ACTIVITY: When the line containing "- **notebook**: position" appears in the entries below, begin printing there and stop after the line containing "Camera HFOV: 39.6 deg."; print each of those lines exactly and no other line.

(Items listed in a dataset)
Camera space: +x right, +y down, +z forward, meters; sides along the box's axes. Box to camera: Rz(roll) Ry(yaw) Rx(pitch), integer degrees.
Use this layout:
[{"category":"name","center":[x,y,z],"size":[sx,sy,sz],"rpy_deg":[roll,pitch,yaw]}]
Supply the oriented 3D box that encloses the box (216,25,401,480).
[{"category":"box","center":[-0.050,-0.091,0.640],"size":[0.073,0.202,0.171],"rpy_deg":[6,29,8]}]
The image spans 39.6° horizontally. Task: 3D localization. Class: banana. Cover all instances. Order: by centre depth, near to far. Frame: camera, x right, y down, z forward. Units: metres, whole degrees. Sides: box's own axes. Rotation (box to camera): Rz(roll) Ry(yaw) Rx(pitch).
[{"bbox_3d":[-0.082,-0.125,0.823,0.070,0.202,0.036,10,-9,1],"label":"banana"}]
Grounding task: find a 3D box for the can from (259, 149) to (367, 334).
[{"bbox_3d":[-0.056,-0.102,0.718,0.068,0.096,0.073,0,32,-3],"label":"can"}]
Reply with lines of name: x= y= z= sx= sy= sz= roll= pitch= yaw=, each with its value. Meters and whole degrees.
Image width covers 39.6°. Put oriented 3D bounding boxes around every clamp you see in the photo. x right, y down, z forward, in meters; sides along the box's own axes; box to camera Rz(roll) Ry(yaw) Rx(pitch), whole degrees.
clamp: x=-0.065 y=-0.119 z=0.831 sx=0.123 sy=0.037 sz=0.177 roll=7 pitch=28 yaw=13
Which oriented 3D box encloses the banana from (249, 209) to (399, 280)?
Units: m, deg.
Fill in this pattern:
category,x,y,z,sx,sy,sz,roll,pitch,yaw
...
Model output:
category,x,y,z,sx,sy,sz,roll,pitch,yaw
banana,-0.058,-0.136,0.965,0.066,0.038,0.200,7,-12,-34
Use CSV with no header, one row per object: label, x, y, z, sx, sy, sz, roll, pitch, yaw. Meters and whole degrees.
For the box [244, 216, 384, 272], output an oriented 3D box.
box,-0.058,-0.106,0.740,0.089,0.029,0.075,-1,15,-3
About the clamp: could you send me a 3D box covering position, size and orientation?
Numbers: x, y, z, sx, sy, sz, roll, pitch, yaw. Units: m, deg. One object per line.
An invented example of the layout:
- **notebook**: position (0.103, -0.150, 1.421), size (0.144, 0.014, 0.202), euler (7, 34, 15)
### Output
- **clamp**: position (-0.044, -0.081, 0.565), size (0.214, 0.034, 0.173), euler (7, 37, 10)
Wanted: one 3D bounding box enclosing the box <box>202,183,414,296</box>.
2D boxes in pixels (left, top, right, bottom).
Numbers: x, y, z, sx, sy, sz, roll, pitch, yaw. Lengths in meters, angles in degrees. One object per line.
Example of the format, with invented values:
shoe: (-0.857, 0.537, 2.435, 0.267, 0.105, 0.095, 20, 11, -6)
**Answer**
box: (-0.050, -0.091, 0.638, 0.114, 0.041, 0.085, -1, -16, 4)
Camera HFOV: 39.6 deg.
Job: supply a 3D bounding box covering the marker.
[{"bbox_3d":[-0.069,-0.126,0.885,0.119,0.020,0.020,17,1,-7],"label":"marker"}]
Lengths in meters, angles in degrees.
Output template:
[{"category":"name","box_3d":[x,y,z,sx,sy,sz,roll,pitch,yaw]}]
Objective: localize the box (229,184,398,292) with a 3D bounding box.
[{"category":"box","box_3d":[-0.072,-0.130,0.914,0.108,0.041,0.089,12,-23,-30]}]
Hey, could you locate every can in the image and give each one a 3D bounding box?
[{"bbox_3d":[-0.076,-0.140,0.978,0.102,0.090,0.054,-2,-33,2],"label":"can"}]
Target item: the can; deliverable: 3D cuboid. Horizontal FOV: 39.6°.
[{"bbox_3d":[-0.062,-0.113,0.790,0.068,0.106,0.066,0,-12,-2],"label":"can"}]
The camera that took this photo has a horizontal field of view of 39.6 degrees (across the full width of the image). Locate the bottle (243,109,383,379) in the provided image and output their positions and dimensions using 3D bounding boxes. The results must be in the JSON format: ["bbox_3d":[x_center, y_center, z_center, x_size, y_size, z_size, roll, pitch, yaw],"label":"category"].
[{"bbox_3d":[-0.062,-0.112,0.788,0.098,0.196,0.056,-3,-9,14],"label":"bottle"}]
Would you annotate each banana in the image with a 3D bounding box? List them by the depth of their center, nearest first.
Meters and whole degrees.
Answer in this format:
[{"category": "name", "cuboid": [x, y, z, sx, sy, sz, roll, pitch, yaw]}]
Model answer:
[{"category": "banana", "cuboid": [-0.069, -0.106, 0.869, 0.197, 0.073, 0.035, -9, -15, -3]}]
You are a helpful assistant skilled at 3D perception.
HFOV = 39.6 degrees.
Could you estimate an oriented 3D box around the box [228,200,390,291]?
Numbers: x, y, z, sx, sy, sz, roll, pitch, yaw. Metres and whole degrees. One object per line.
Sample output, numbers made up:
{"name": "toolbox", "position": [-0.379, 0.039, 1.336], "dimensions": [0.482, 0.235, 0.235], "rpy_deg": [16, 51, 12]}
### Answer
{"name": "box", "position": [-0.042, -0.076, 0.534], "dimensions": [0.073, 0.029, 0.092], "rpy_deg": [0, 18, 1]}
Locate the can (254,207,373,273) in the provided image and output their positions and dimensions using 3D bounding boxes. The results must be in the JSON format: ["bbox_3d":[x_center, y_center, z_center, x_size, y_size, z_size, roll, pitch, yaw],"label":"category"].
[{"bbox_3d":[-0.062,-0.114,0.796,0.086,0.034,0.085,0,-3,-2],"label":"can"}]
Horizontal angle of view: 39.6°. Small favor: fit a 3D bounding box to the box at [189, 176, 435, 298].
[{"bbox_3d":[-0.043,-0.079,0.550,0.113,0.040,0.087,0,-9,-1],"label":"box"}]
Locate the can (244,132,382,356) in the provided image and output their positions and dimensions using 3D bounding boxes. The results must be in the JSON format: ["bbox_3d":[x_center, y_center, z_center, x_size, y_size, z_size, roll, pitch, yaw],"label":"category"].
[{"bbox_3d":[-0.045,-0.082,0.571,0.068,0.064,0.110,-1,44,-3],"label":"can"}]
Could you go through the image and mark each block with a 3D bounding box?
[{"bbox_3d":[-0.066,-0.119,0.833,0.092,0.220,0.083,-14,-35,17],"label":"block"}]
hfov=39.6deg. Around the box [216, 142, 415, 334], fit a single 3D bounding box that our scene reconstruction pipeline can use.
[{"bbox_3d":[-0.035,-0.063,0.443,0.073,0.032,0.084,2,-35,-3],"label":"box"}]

TASK SOLUTION:
- **notebook**: position (0.103, -0.150, 1.421), size (0.144, 0.014, 0.202), euler (7, 34, 15)
### Output
- **clamp**: position (-0.044, -0.081, 0.565), size (0.214, 0.034, 0.173), euler (7, 37, 10)
Wanted: one 3D bounding box enclosing the box <box>202,183,414,296</box>.
2D boxes in pixels (left, top, right, bottom).
Numbers: x, y, z, sx, sy, sz, roll, pitch, yaw. Lengths in meters, angles in degrees. One object per line.
Example of the format, with invented values:
shoe: (-0.857, 0.537, 2.435, 0.267, 0.105, 0.095, 20, 11, -6)
**Answer**
box: (-0.050, -0.091, 0.638, 0.114, 0.041, 0.085, -1, -16, 4)
Camera HFOV: 39.6 deg.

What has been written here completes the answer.